Goldman Sachs says the return on investment for AI might be disappointing

Overall Hype, ROI, and “AI Winter” Talk

  • Many see current AI spending as classic overbidding driven by hype and FOMO, so near‑term ROI is expected to be poor.
  • Several compare this to previous bubbles (dot‑com, tulips, South Sea, blockchain/NFTs), expecting a bust and possibly an “AI winter.”
  • Others argue this is a normal “trough of disillusionment” phase for a genuinely transformative technology, not a sign the whole thing is a fad.

Comparisons to Past Tech Waves

  • Recurrent analogy: replace “AI” with “internet,” “big data,” “ML,” etc., and the pattern of clueless corporate strategy looks identical.
  • Lessons cited: some firms will find winning strategies (Amazon/Netflix), many will waste money or die (Webvan/Blockbuster).
  • Disagreement over which analogy fits best: internet/transistors (foundational) vs. blockchain/NFTs (overhyped, limited real value).

Corporate AI Strategies, FOMO, and Branding

  • Many non‑tech and even tech firms are seen as rushing into “AI strategy” without understanding capabilities or limitations.
  • FOMO is reinforced by employees, candidates, and customers asking about AI; “AI‑driven” branding can boost sales even if features are thin.
  • Some advocate the “Apple approach”: wait, use AI pragmatically where it clearly helps, avoid panic pivots.
  • Others argue every organization at least owes itself a serious evaluation of LLMs, even if it ultimately passes.

Practical Use Cases and Reliability

  • Positive reports:
    • Call/meeting transcription and summarization at scale.
    • Turning dense regulations into checklists.
    • Soft‑data summarization in finance and some data‑science workflows.
    • Generating mock data and structuring unstructured text.
  • Negative reports:
    • Frequent hallucinations in article summaries and code generation.
    • Output requires careful verification; “impressive demo” but not robust in complex real systems.
  • Some note that many current uses automate low‑value or unnecessary tasks (press releases, filler content).

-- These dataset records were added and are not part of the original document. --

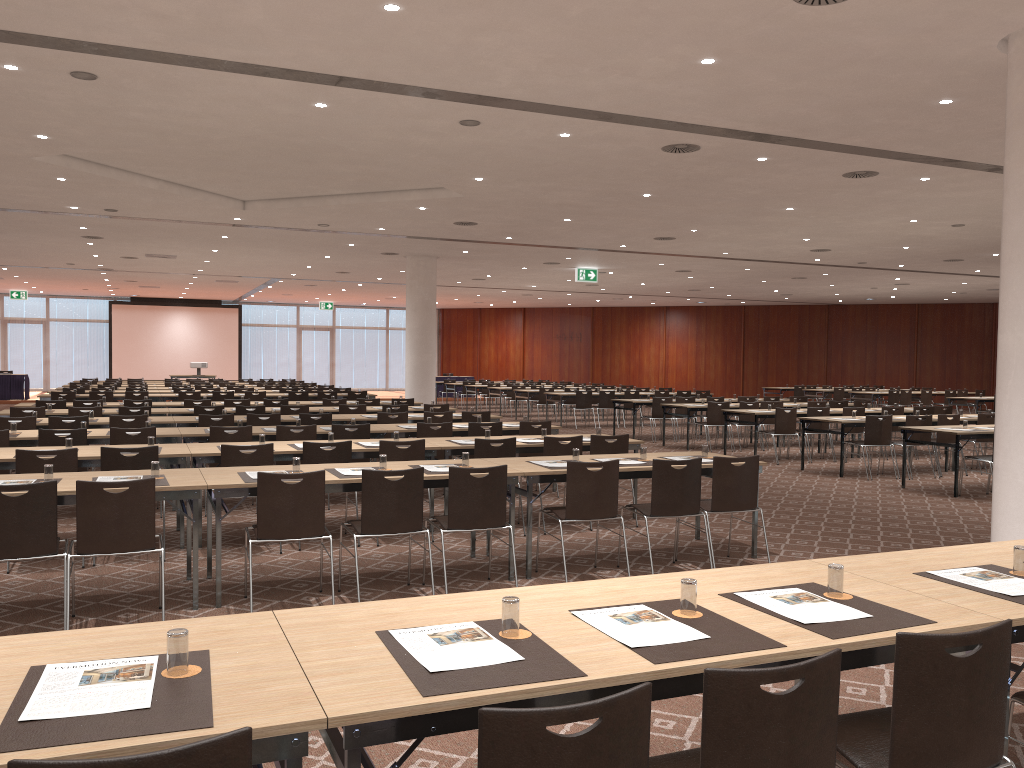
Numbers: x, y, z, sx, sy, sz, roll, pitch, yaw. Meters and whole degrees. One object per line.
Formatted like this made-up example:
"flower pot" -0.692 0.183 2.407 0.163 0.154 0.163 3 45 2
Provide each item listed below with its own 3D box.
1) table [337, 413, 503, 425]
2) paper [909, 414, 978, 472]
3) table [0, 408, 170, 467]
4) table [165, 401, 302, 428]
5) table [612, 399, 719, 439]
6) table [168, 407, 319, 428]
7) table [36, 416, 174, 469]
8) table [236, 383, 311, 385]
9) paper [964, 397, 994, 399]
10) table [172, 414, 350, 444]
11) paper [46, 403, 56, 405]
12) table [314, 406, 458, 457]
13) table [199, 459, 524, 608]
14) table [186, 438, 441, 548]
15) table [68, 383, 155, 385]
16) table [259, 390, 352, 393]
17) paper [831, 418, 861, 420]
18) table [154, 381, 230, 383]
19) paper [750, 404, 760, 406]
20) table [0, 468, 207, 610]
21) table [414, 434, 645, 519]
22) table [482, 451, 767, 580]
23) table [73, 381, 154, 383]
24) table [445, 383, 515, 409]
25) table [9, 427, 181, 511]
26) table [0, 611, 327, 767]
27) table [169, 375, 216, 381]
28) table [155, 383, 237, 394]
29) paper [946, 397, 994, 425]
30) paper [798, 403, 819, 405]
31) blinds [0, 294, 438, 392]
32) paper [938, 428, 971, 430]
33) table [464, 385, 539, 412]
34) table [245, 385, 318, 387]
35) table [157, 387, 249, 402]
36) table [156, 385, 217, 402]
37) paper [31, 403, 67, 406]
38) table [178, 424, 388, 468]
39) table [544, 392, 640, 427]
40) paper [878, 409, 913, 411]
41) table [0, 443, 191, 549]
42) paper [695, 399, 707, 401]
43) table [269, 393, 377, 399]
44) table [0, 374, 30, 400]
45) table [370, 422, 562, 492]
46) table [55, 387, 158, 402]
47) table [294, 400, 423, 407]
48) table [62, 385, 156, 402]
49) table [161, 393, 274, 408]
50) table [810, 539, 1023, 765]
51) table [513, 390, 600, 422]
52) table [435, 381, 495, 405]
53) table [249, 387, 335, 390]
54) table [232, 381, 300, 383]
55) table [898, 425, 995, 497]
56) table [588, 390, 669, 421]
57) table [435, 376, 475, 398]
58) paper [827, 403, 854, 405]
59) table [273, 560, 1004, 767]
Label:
"table" -1.372 0.882 13.130 2.267 0.833 0.953 0 2 -23
"paper" 7.800 0.956 14.812 2.267 0.833 0.953 0 2 -23
"table" -6.331 0.814 13.216 2.267 0.833 0.953 0 2 -23
"table" -5.012 0.754 15.937 2.267 0.833 0.953 0 2 -23
"table" 3.386 0.765 19.461 2.267 0.833 0.953 0 2 -23
"table" -4.238 0.817 14.094 2.267 0.833 0.953 0 2 -23
"table" -5.558 0.877 11.374 2.267 0.833 0.953 0 2 -23
"table" -7.366 0.396 27.410 2.267 0.833 0.953 0 2 -23
"paper" 12.103 0.362 22.960 0.460 0.003 0.565 0 2 -22
"table" -3.465 0.879 12.252 2.267 0.833 0.953 0 2 -23
"paper" -7.711 0.331 14.724 0.283 0.006 0.398 0 2 -23
"table" -2.145 0.819 14.973 2.267 0.833 0.953 0 2 -23
"table" -1.145 1.068 6.724 2.267 0.833 0.953 0 2 -23
"table" -1.918 1.005 8.567 2.267 0.833 0.953 0 2 -23
"table" -11.552 0.390 25.653 2.267 0.833 0.953 0 2 -23
"table" -5.046 0.584 21.882 2.267 0.833 0.953 0 2 -23
"paper" 5.087 0.533 13.562 0.283 0.006 0.398 0 2 -26
"table" -10.233 0.330 28.374 2.267 0.833 0.953 0 2 -23
"paper" 4.827 0.415 17.736 0.460 0.003 0.565 0 2 -20
"table" -3.238 1.065 5.846 2.267 0.833 0.953 0 2 -23
"table" 0.175 1.008 9.445 2.267 0.833 0.953 0 2 -23
"table" 0.949 1.070 7.603 2.267 0.833 0.953 0 2 -23
"table" -12.326 0.327 27.496 2.267 0.833 0.953 0 2 -23
"table" -1.061 0.404 30.056 2.267 0.833 0.953 0 2 -23
"table" -4.785 0.940 9.531 2.267 0.833 0.953 0 2 -23
"table" -1.674 1.192 2.121 2.267 0.833 0.953 0 2 -23
"table" -11.310 0.107 31.426 1.539 0.833 0.953 0 2 -23
"table" -9.459 0.393 26.532 2.267 0.833 0.953 0 2 -23
"paper" 12.640 0.777 23.344 2.267 0.833 0.953 0 2 -23
"paper" 6.292 0.417 18.343 0.460 0.003 0.565 0 2 -25
"blinds" -14.011 -1.595 37.279 22.852 3.818 0.115 0 2 -23
"paper" 5.857 0.596 11.732 0.283 0.006 0.398 0 2 -23
"table" -0.287 0.466 28.213 2.267 0.833 0.953 0 2 -23
"table" -6.593 0.458 25.568 2.267 0.833 0.953 0 2 -23
"table" -7.912 0.518 22.847 2.267 0.833 0.953 0 2 -23
"table" -8.686 0.456 24.689 2.267 0.833 0.953 0 2 -23
"paper" -7.636 0.338 14.641 0.460 0.003 0.565 0 2 -21
"table" -2.691 0.942 10.409 2.267 0.833 0.953 0 2 -23
"table" 2.033 0.655 22.686 2.267 0.833 0.953 0 2 -23
"paper" 7.097 0.480 16.517 0.460 0.003 0.565 0 2 -21
"table" -4.011 1.002 7.688 2.267 0.833 0.953 0 2 -23
"paper" 4.023 0.352 19.566 0.460 0.003 0.565 0 2 -22
"table" -4.272 0.647 20.040 2.267 0.833 0.953 0 2 -23
"table" -16.820 0.100 29.096 1.712 0.833 1.041 0 2 -23
"table" -0.598 0.945 11.288 2.267 0.833 0.953 0 2 -23
"table" -10.005 0.516 21.968 2.267 0.833 0.953 0 2 -23
"table" -2.919 0.757 16.815 2.267 0.833 0.953 0 2 -23
"table" -10.779 0.453 23.811 2.267 0.833 0.953 0 2 -23
"table" -6.365 0.644 19.162 2.267 0.833 0.953 0 2 -23
"table" 2.512 1.197 3.877 2.267 0.833 0.953 0 2 -23
"table" 1.259 0.592 24.528 2.267 0.833 0.953 0 2 -23
"table" -1.834 0.341 31.899 2.267 0.833 0.953 0 2 -23
"table" -5.819 0.521 23.725 2.267 0.833 0.953 0 2 -23
"table" -8.139 0.333 29.253 2.267 0.833 0.953 0 2 -23
"table" 6.480 1.016 12.091 2.267 0.833 0.953 0 2 -23
"table" 3.353 0.595 25.407 2.267 0.833 0.953 0 2 -23
"table" -2.370 0.119 35.160 1.712 0.833 1.041 0 2 -23
"paper" 6.903 0.417 18.609 0.460 0.003 0.565 0 2 -24
"table" 0.419 1.195 2.999 2.267 0.833 0.953 0 2 -23

Cost, Energy, and Efficiency

  • Concern that AI is too expensive in GPUs and power for broad deployment; subsidies and investor money currently mask true costs.
  • Counterclaim: LLM costs have dropped by ~10–50x in a year, with more gains expected, making ROI increasingly favorable.
  • Debate over energy metrics: “brain is 10,000x more efficient” is challenged; others say effectiveness per dollar, not per watt, is what matters.
  • Nvidia’s valuation and what happens if GPU prices collapse is raised as a risk for index investors.

Labor, Society, and AGI

  • Some predict near‑term heavy automation in security operations centers, call centers, and customer support; others are skeptical.
  • Mixed expectations about whether AI mainly augments workers or replaces large swaths of labor; downstream demand and regulation remain unclear.
  • Speculation around AGI: alignment, whether it would “work for humans,” possibility of utopia vs. entrenched inequality; timelines widely disputed and largely labeled uncertain.

Investment Dynamics

  • View that large investors knowingly ride hype, then exit before retail and latecomers absorb losses.
  • Disagreement over passive index funds: some think they’re risky given concentration in AI winners; others defend broad indexing as rational.
  • Several note that, as with dot‑com, much value may eventually accrue, but not necessarily to the companies currently burning the most cash.